**Data for this exercise**
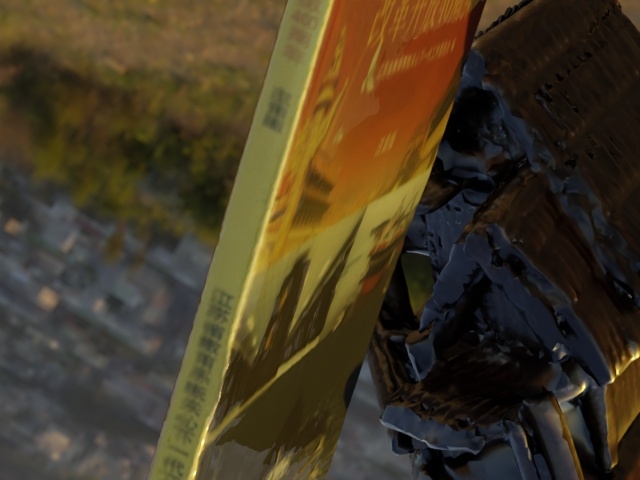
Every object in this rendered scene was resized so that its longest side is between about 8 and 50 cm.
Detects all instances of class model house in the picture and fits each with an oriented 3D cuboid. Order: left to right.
[{"bbox_3d":[0.111,-0.011,1.234,0.297,0.317,0.282,12,126,32],"label":"model house"}]

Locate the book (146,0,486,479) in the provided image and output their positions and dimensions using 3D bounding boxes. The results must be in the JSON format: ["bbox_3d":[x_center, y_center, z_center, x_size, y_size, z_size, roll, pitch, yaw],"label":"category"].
[{"bbox_3d":[0.000,0.000,0.750,0.028,0.374,0.262,21,-165,12],"label":"book"}]
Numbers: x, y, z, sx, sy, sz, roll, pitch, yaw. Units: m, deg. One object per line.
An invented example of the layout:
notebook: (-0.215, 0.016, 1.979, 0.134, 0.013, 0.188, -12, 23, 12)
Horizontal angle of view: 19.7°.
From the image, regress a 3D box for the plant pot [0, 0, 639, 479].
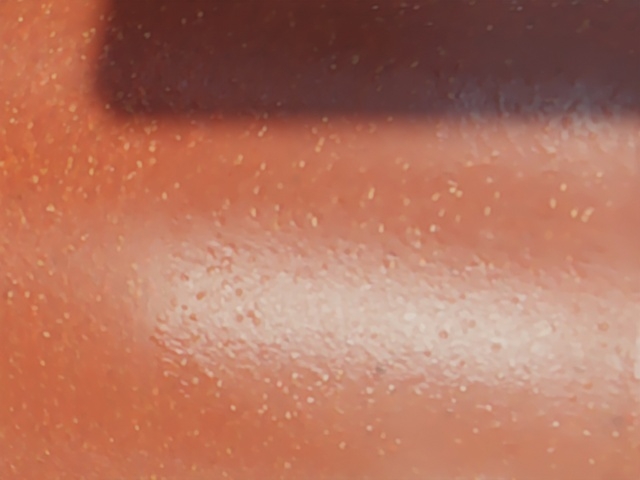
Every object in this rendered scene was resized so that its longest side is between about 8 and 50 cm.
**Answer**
plant pot: (0.000, 0.000, 0.468, 0.272, 0.265, 0.272, -18, 110, -59)
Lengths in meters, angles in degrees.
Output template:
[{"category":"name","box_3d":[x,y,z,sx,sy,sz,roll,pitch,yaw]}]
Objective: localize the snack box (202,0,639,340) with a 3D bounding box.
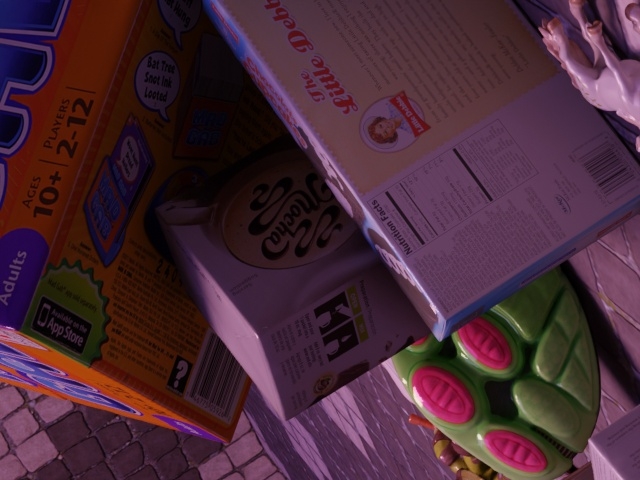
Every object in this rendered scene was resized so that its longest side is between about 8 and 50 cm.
[{"category":"snack box","box_3d":[0.074,-0.108,1.399,0.322,0.187,0.060,55,169,15]}]

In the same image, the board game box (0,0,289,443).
[{"category":"board game box","box_3d":[-0.244,-0.072,1.632,0.356,0.356,0.356,12,166,28]}]

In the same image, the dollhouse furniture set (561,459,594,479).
[{"category":"dollhouse furniture set","box_3d":[0.278,0.398,1.720,0.362,0.256,0.394,56,169,8]}]

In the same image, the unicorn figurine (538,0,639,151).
[{"category":"unicorn figurine","box_3d":[0.199,-0.100,1.239,0.111,0.060,0.162,62,-175,-23]}]

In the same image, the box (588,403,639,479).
[{"category":"box","box_3d":[0.281,0.183,1.514,0.087,0.101,0.102,50,168,34]}]

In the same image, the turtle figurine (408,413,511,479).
[{"category":"turtle figurine","box_3d":[0.184,0.262,2.152,0.269,0.087,0.217,42,162,25]}]

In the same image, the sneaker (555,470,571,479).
[{"category":"sneaker","box_3d":[0.254,0.253,1.992,0.067,0.042,0.118,52,171,11]}]

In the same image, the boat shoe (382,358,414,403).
[{"category":"boat shoe","box_3d":[0.086,0.112,2.203,0.184,0.066,0.063,56,142,36]}]

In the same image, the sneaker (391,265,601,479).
[{"category":"sneaker","box_3d":[0.108,0.019,1.765,0.483,0.185,0.202,54,-171,28]}]

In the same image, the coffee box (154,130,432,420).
[{"category":"coffee box","box_3d":[0.046,-0.016,1.488,0.168,0.297,0.119,50,164,39]}]
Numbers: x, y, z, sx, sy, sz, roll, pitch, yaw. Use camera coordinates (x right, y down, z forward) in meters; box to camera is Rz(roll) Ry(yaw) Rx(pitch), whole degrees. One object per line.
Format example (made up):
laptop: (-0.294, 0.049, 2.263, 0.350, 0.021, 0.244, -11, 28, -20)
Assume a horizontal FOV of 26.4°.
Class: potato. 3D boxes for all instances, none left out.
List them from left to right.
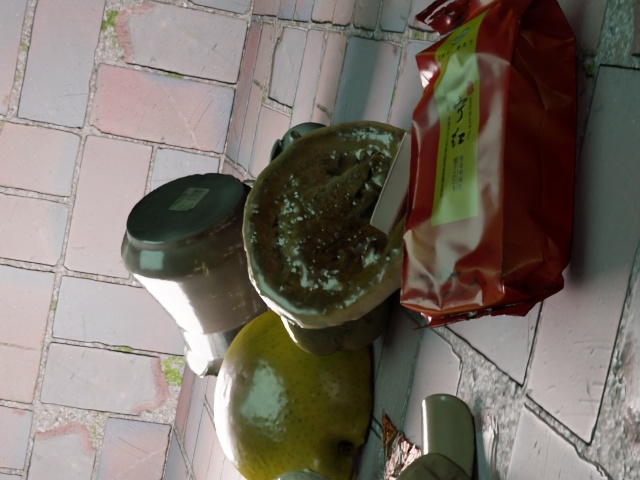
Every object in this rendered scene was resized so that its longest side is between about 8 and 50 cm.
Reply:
potato: (0.022, 0.041, 2.137, 0.141, 0.192, 0.296, 139, 138, -65)

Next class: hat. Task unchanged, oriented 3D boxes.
hat: (0.120, 0.292, 1.744, 0.173, 0.144, 0.166, 67, 150, 23)

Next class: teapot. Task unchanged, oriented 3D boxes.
teapot: (-0.197, 0.054, 2.732, 0.376, 0.306, 0.361, -53, -43, -43)
teapot: (-0.035, -0.132, 2.607, 0.294, 0.129, 0.193, 130, 147, -64)

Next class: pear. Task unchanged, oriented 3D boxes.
pear: (-0.071, 0.251, 2.281, 0.386, 0.191, 0.340, 44, 118, 62)

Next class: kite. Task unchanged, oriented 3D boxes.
kite: (0.107, 0.333, 1.995, 0.222, 0.008, 0.125, -148, 66, -75)

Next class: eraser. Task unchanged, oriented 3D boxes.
eraser: (0.145, -0.126, 1.857, 0.230, 0.038, 0.157, -49, -17, -51)

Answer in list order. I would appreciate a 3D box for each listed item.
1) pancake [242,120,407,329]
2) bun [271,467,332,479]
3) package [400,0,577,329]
pancake: (0.030, -0.039, 2.042, 0.065, 0.356, 0.356, 52, -150, -49)
bun: (-0.015, 0.495, 2.023, 0.293, 0.187, 0.293, -33, 43, 37)
package: (0.196, -0.100, 1.590, 0.196, 0.123, 0.423, -18, 63, 50)

**What is required**
The answer must be the data above, repeated exactly, with no pictures.

**Answer for the task**
Every object in this rendered scene was resized so that its longest side is between about 8 and 50 cm.
Detects all instances of class model house in the picture and fits each with an oriented 3D cuboid. Order: left to right.
[{"bbox_3d":[0.111,-0.011,1.234,0.297,0.317,0.282,12,126,32],"label":"model house"}]

Locate the book (146,0,486,479) in the provided image and output their positions and dimensions using 3D bounding boxes. The results must be in the JSON format: ["bbox_3d":[x_center, y_center, z_center, x_size, y_size, z_size, roll, pitch, yaw],"label":"category"].
[{"bbox_3d":[0.000,0.000,0.750,0.028,0.374,0.262,21,-165,12],"label":"book"}]
Numbers: x, y, z, sx, sy, sz, roll, pitch, yaw. Units: m, deg. One object per line.
An invented example of the layout:
notebook: (-0.215, 0.016, 1.979, 0.134, 0.013, 0.188, -12, 23, 12)
Horizontal angle of view: 19.7°.
From the image, regress a 3D box for the plant pot [0, 0, 639, 479].
Every object in this rendered scene was resized so that its longest side is between about 8 and 50 cm.
**Answer**
plant pot: (0.000, 0.000, 0.468, 0.272, 0.265, 0.272, -18, 110, -59)
Lengths in meters, angles in degrees.
Output template:
[{"category":"name","box_3d":[x,y,z,sx,sy,sz,roll,pitch,yaw]}]
Objective: localize the snack box (202,0,639,340) with a 3D bounding box.
Every object in this rendered scene was resized so that its longest side is between about 8 and 50 cm.
[{"category":"snack box","box_3d":[0.074,-0.108,1.399,0.322,0.187,0.060,55,169,15]}]

In the same image, the board game box (0,0,289,443).
[{"category":"board game box","box_3d":[-0.244,-0.072,1.632,0.356,0.356,0.356,12,166,28]}]

In the same image, the dollhouse furniture set (561,459,594,479).
[{"category":"dollhouse furniture set","box_3d":[0.278,0.398,1.720,0.362,0.256,0.394,56,169,8]}]

In the same image, the unicorn figurine (538,0,639,151).
[{"category":"unicorn figurine","box_3d":[0.199,-0.100,1.239,0.111,0.060,0.162,62,-175,-23]}]

In the same image, the box (588,403,639,479).
[{"category":"box","box_3d":[0.281,0.183,1.514,0.087,0.101,0.102,50,168,34]}]

In the same image, the turtle figurine (408,413,511,479).
[{"category":"turtle figurine","box_3d":[0.184,0.262,2.152,0.269,0.087,0.217,42,162,25]}]

In the same image, the sneaker (555,470,571,479).
[{"category":"sneaker","box_3d":[0.254,0.253,1.992,0.067,0.042,0.118,52,171,11]}]

In the same image, the boat shoe (382,358,414,403).
[{"category":"boat shoe","box_3d":[0.086,0.112,2.203,0.184,0.066,0.063,56,142,36]}]

In the same image, the sneaker (391,265,601,479).
[{"category":"sneaker","box_3d":[0.108,0.019,1.765,0.483,0.185,0.202,54,-171,28]}]

In the same image, the coffee box (154,130,432,420).
[{"category":"coffee box","box_3d":[0.046,-0.016,1.488,0.168,0.297,0.119,50,164,39]}]
Numbers: x, y, z, sx, sy, sz, roll, pitch, yaw. Use camera coordinates (x right, y down, z forward) in meters; box to camera is Rz(roll) Ry(yaw) Rx(pitch), whole degrees. One object per line.
Format example (made up):
laptop: (-0.294, 0.049, 2.263, 0.350, 0.021, 0.244, -11, 28, -20)
Assume a horizontal FOV of 26.4°.
Class: potato. 3D boxes for all instances, none left out.
List them from left to right.
Every object in this rendered scene was resized so that its longest side is between about 8 and 50 cm.
Reply:
potato: (0.022, 0.041, 2.137, 0.141, 0.192, 0.296, 139, 138, -65)

Next class: hat. Task unchanged, oriented 3D boxes.
hat: (0.120, 0.292, 1.744, 0.173, 0.144, 0.166, 67, 150, 23)

Next class: teapot. Task unchanged, oriented 3D boxes.
teapot: (-0.197, 0.054, 2.732, 0.376, 0.306, 0.361, -53, -43, -43)
teapot: (-0.035, -0.132, 2.607, 0.294, 0.129, 0.193, 130, 147, -64)

Next class: pear. Task unchanged, oriented 3D boxes.
pear: (-0.071, 0.251, 2.281, 0.386, 0.191, 0.340, 44, 118, 62)

Next class: kite. Task unchanged, oriented 3D boxes.
kite: (0.107, 0.333, 1.995, 0.222, 0.008, 0.125, -148, 66, -75)

Next class: eraser. Task unchanged, oriented 3D boxes.
eraser: (0.145, -0.126, 1.857, 0.230, 0.038, 0.157, -49, -17, -51)

Answer in list order. I would appreciate a 3D box for each listed item.
1) pancake [242,120,407,329]
2) bun [271,467,332,479]
3) package [400,0,577,329]
pancake: (0.030, -0.039, 2.042, 0.065, 0.356, 0.356, 52, -150, -49)
bun: (-0.015, 0.495, 2.023, 0.293, 0.187, 0.293, -33, 43, 37)
package: (0.196, -0.100, 1.590, 0.196, 0.123, 0.423, -18, 63, 50)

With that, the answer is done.